Más allá de la denuncia o del pintoresquismo hay en las villas diseños que son verdaderos documentos culturales.
–Pero yo me ocupo de otra cosa. Mi posición es la de un sujeto que mira, lanzando rayos en el espacio y con esos rayos construye la imagen. Esta imagen vive si el espacio restituye una mirada. Todo esto es muy metafísico, está muy ligado a G. De Chirico. La luz se mueve, gira, entonces tiene sombras que generan tensiones. Estoy acostumbrado a ver el paisaje con todas las señales, los postes de luz, los hilos, las rayas en el pavimento. Son para mí elementos de diseño que me permiten encuadrar el espacio. Es como cuando uno va al teatro. Al comenzar la función se abre el telón, se prenden las luces y llega el momento de mayor tensión. Recojo algo de la pintura metafísica italiana con las plazas de De Chirico vacías, en las que apenas había sucedido algo o estaba a punto de llegar un temporal.

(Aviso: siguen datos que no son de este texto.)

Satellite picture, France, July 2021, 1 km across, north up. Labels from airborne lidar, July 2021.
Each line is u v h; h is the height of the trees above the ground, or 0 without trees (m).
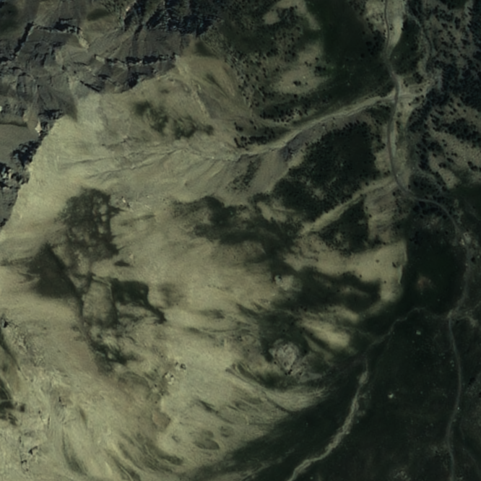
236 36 0
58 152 0
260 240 0
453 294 0
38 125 0
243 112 0
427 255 0
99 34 0
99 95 0
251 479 0
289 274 0
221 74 0
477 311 0
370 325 0
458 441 0
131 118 0
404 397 0
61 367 0
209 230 0
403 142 0
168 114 0
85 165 0
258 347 0
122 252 0
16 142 0
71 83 0
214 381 0
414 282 0
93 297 0
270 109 0
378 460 0
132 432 0
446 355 0
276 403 0
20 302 0
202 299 0
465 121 8
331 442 0
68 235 0
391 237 0
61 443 0
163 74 0
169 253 0
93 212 0
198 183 0
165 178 0
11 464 0
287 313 0
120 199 0
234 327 0
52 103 0
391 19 0
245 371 0
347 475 0
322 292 0
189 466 0
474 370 0
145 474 0
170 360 0
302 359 0
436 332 0
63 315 0
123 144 0
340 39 0
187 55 0
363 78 0
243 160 0
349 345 0
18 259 0
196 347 0
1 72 0
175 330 0
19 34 0
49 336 0
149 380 0
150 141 0
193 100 0
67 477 0
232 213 0
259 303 0
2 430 0
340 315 0
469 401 0
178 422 0
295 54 10
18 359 0
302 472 0
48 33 0
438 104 7
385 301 0
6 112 0
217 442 0
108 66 0
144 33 0
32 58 0
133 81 0
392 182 0
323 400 0
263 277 0
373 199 0
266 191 0
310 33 0
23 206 0
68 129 0
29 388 0
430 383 0
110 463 0
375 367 0
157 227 0
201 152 0
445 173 0
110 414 0
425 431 0
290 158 0
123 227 0
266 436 0
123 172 0
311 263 0
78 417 0
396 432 0
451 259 0
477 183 0
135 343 0
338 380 0
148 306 0
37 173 0
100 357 0
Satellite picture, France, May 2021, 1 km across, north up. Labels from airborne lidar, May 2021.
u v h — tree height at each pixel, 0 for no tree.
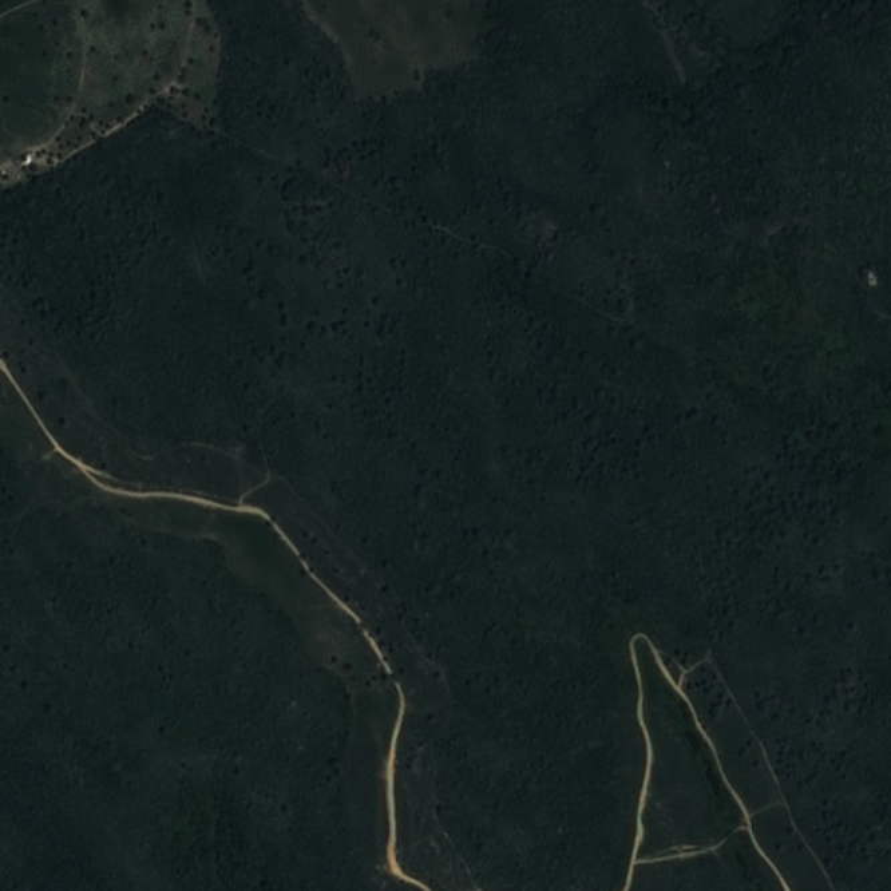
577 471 10
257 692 6
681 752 0
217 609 8
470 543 9
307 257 12
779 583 11
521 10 6
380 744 0
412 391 5
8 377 0
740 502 6
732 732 0
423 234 6
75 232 7
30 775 6
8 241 12
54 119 0
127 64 0
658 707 0
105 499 0
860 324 6
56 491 0
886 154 6
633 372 6
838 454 12
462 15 0
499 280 11
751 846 0
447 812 13
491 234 6
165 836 7
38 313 6
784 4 9
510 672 7
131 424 6
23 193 10
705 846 0
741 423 6
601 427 12
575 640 7
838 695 14
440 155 9
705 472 7
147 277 6
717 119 6
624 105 7
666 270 6
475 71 6
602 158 6
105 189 6
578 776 8
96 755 8
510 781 7
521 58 9
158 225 13
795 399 11
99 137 7
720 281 6
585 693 8
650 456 5
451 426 5
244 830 6
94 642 6
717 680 13
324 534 0
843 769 11
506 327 9
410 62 0
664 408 6
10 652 12
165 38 0
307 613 0
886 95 6
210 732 6
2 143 0
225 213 7
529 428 7
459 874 0
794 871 0
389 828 0
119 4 0
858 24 14
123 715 6
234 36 6
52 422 0
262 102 12
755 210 8
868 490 6
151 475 0
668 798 0
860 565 5
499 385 6
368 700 0
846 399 7
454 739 5
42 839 6
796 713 11
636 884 0
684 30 9
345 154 12
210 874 8
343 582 0
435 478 6
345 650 0
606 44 8
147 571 7
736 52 11
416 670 0
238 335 6
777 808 0
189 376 7
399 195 10
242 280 7
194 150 6
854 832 10
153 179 8
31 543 6
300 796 9
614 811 6
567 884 6
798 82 6
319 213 18
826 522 13
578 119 8
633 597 7
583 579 10
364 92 0
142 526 0
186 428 7
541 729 7
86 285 9
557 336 11
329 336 15
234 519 0
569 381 7
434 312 6
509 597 6
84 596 6
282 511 0
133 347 6
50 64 0
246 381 7

Usted fotografió Barracas.
–Barracas, un domingo, es una serie de calles con edificios de muy diversas alturas, lugares comerciales antiguos que me hacen recordar a los de una ciudad de 1900. Estaban un poco vacíos, y sin la vida veloz de todos los días daban un sentimiento de gran nostalgia. Me acuerdo que existía esta nostalgia, no tanto en la fotografía sino en mi forma de mirar (después en consecuencia estará la fotografía), en el ir caminando con un cierto estado de emoción. Y este estado aparece precisamente cuando se va a buscar algo, a estimular una relación con la historia o con los contemporáneos. El problema de Buenos Aires es su dimensión. Uno debería vivir aquí 300 años y recién entonces podría leer bien la ciudad. Se pueden hacer fotos hermosísimas, pero cuando se las pone a todas juntas uno puede terminar preguntándose: ¿cuál es el proyecto de estas fotos? Las ciudades más chicas son más fáciles porque se pueden abarcar, abrazar.

La ruina, esa chantajista
¿Como fotografiar una ciudad bombardeada como Beirut, una belleza a la que los fenicios llamaban Beroth y que asoma sus miradores entre hoteles y universidades reconstruidos? Nada más potente que una ruina: se ha abierto paso a través de siglos, se hace intocable por el patrimonio cultural, triunfa sobre los avatares de aquello que la rodea. Una ruina que ha llegado hasta este tiempo para ser destruida es un documento. Pero Basilico no es sólo un documentalista. Cuando en 1991, tuvo que fotografiar Beirut no tuvo miedo de pisar una bomba sino de hacer un trabajo obvio.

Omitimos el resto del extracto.